One other clear trait of small and micro businesses in hospitality that we kept noticing in different data points of our study is the creation of experiences as well as the bond created with the visitors. For example, the social media content that we studied clearly showed that visitors were always thanking the hosts for the experiences. Even when small hospitality errors (e.g. SOPs) occurred they were mentioned only in passing, whereas most comments celebrated the meaningful and sometimes transformative nature of the experiences proposed.

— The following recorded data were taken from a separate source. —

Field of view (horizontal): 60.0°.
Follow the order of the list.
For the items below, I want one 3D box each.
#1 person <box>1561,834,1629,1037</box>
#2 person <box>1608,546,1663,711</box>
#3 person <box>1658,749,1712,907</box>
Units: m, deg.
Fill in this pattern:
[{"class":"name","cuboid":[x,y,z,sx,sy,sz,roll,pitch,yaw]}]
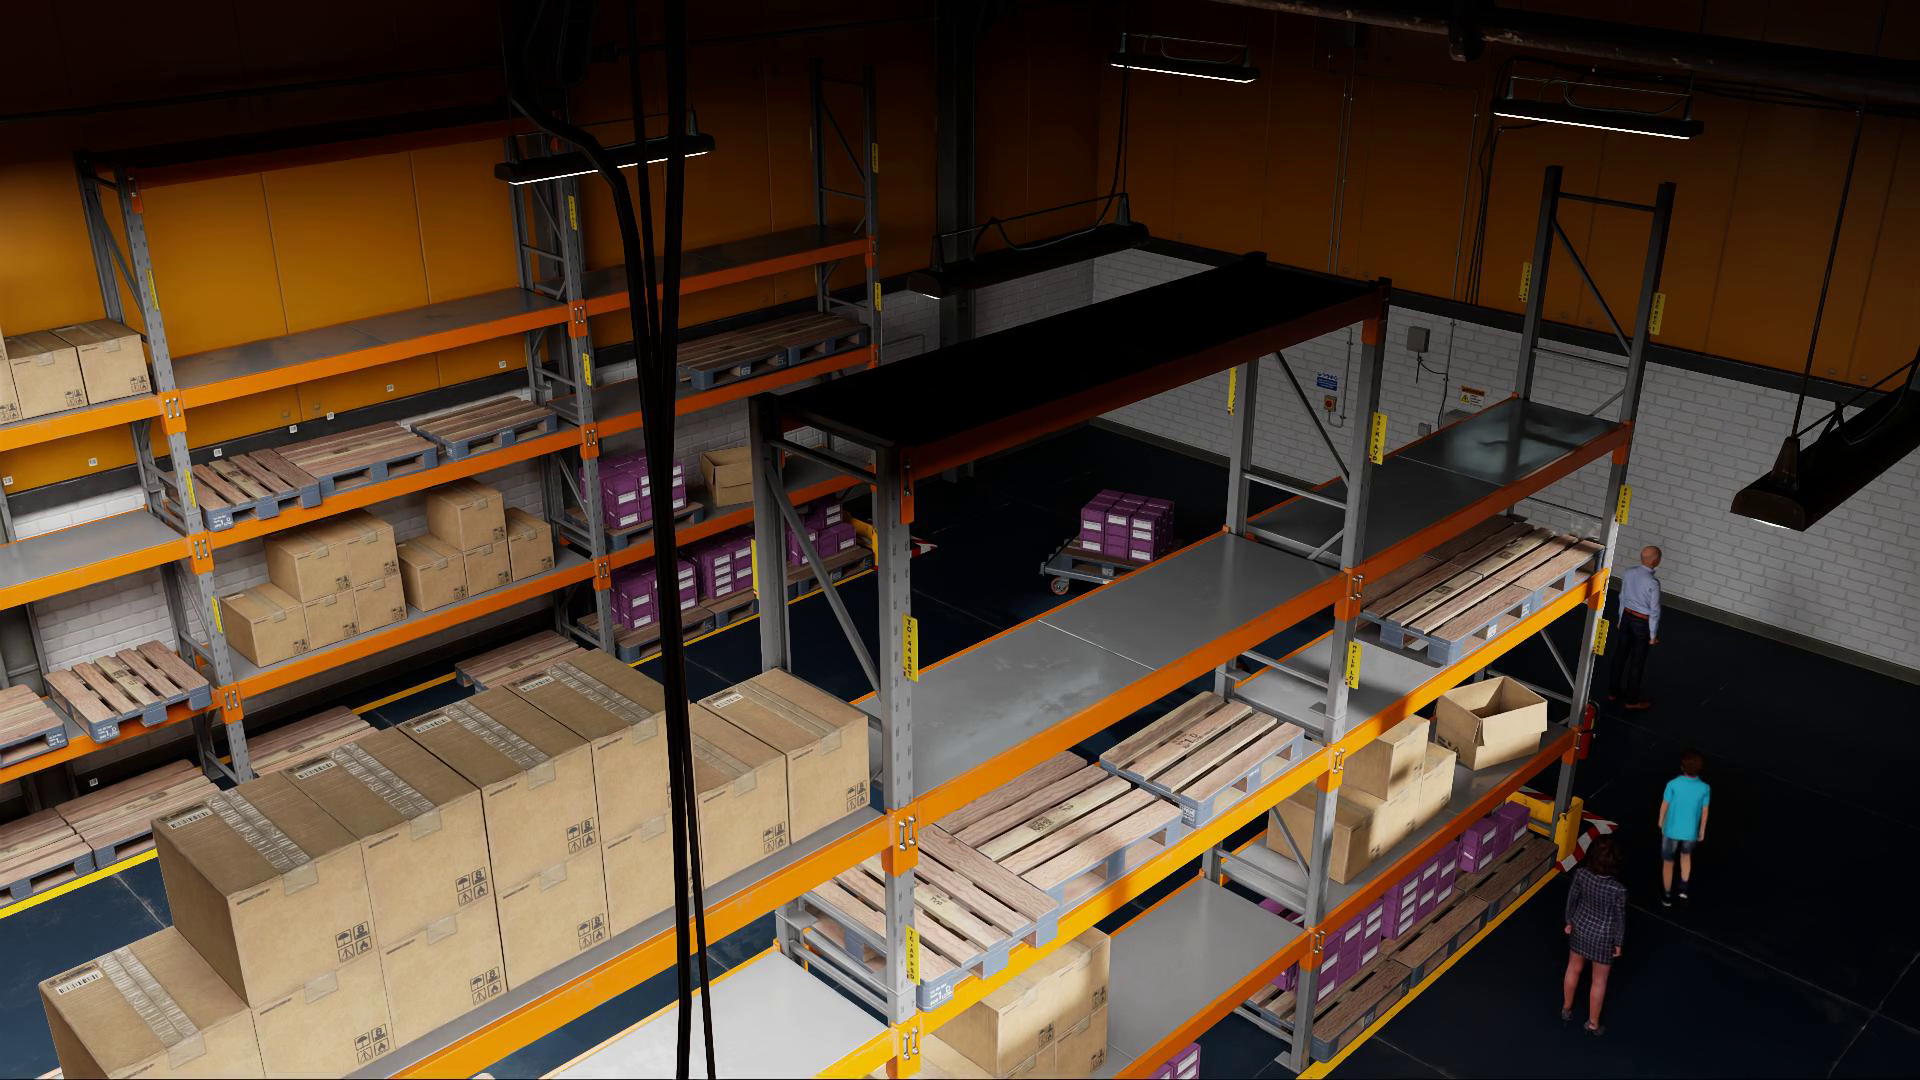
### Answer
[{"class":"person","cuboid":[4.745,2.969,12.460,0.550,1.698,0.619,-19,30,-37]},{"class":"person","cuboid":[6.970,0.885,17.113,0.670,1.791,0.705,-12,26,-25]},{"class":"person","cuboid":[6.073,2.450,13.969,0.609,1.442,0.660,3,24,7]}]

This was very apparent in the numerous mentions of experiences and retreats related to yoga practices, or nature-related experiences such as hiking in the mountains and fruit-picking in the fields. However, one other most interesting examples is Emmanuelle, a host with a passion for hospitality and nature: she takes her guests in the forest to harvest different plants to later create herbal teas and other recipes together. During these activities, she teaches her guests about the herbs and their uses from the knowledge she has acquired over the years. Two other guest houses were looking forward to building a community kitchen to create a meaningful connection between the community and the visitor of the guesthouse. What is very interesting in these examples is that the community is the staff, and the staff is the community. By sharing who they are and what they do, the hosts impact travelers and their expectations, which are often far exceeded through this authentic relationship.
This is what – in our research - we call ‘people intelligence’. It is the systemic and net-positive relationship between hosts (and their staff) and guests, leading to the co-creation of extraordinary experiences that develop the well-being of hosts and guests. Extraordinary experiences are by definition experiences that are ‘outside’ of the ordinary. They trigger a keen interest—among both staff and guests—to co-create a net-positive value that was not there before.
Regenerative Hospitality: Place Intelligence and People Intelligence (Inversini et al., forthcoming).
Lesson Learned For Hospitality Entrepreneurs
Regenerative Hospitality is a different concept that is becoming popular in a bottom-up way. In other words, it is an approach to corporate responsibility adopted by several grassroots hospitality organizations that, at the present time, has no schemes, grids or KPIs. Even though it creates a regulatory vacuum, it enhances the responsibility of the individual hotelier (and/or hotel manager).
Therefore, at its very heart, Regenerative Hospitality is a business mind shift, not another compliance rule: managers who decide to embrace regeneration pursue net-positive goals to make the company flourish in the place where it is established (thus developing, fostering , nourishing and ultimately regenerating what we can call the genius loci) with the people who are part of it (both people who run the company, from managers to operations and the people who experience the actual service) – in a sort of hospitality partnership.
Lastly, Regenerative Hospitality may not be for everyone in the industry. However, becoming familiar with place intelligence and people intelligence can help managers to become truly responsible actors in the community (people and nature) and vis-à-vis people (staff and guests). Regeneration - especially in the hotel sector - shouldn't be just an afterthought or a vague notion, but should be concretely implemented. Small building blocks can result in a big impact on both the place and the people.